Is your application 10s or 100s of thousands of lines of Fortran, C and C++ code? With OpenACC directives, you don’t have to parallelize all of it at once. You can identify hot loops and code regions using the PGPROF profiler, then incrementally parallelize and tune them one by one. OpenACC code remains 100% standard-compliant and portable to other compilers and platforms, and enables parallel processing on CPUs and GPUs using identical source code.
CloverLeaf, a Lagrangian-Eulerian explicit hydrodynamics mini-application, is a small (4,500 line) lightweight application that is representative of a code used at the United Kingdom’s Atomic Weapons Establishment (AWE). Using OpenACC, performance on an NVIDIA V100 GPU is four times faster than a dual-socket 40-core Intel Skylake CPU, running the fully optimized code on the bm32 data set. It scales to almost 15 times faster on 4xV100s using MPI+OpenACC. The optimizations to the source code made during porting to the GPU using OpenACC improved the performance of the CPU code by more than 50%.
HPC servers are quickly expanding beyond multicore x86 CPUs to OpenPOWER, Arm and GPU accelerators. PGI Fortran, C and C++ compilers and OpenACC are designed to deliver high performance on all of these processors. PGI compilers for x86, OpenPOWER and GPUs are available now, including OpenACC parallelization across all cores of a multicore CPU or a GPU. PGI and OpenACC deliver the performance you need today, and the flexibility you need tomorrow. PGI compilers can take you there.
The PGI Profiler is a powerful and easy-to-use interactive performance profiler for parallel programs written with OpenMP or OpenACC directives, or using CUDA. Use it to visualize and analyze the performance of your Fortran, C and C++ programs. The PGI Profiler can correlate execution time with procedures, source code and instructions, allowing you to quickly see where and how execution time is spent. Through resource utilization data and compiler feedback information, the PGI Profiler provides features that will help you understand why parts of your program have high execution times and how you can modify your source code or compiler options to improve performance. The PGI Profiler is included with all PGI products.

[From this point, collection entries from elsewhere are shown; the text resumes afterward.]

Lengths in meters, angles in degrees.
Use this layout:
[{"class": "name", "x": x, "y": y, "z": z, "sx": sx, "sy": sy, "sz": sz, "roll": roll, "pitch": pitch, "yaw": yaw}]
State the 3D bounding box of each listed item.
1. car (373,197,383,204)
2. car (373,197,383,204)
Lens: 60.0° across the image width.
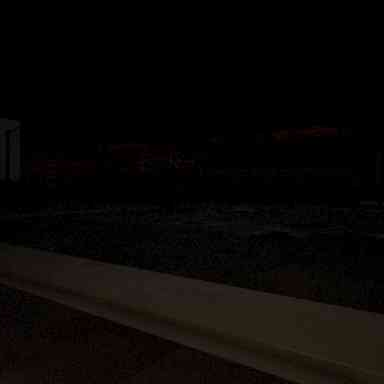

The PGI graphical debugger for Fortran, C and C++ supports debugging of serial and parallel programs including MPI, OpenMP and hybrid MPI/OpenMP applications. The PGI Debugger can debug programs on SMP workstations, servers, distributed-memory clusters and hybrid clusters where each node contains multiple multicore x86 processors. It allows you to control threads or processes individually or in groups, and allows you to examine state down to the register level. The PGI Debugger is included with all PGI products for x86-64 platforms.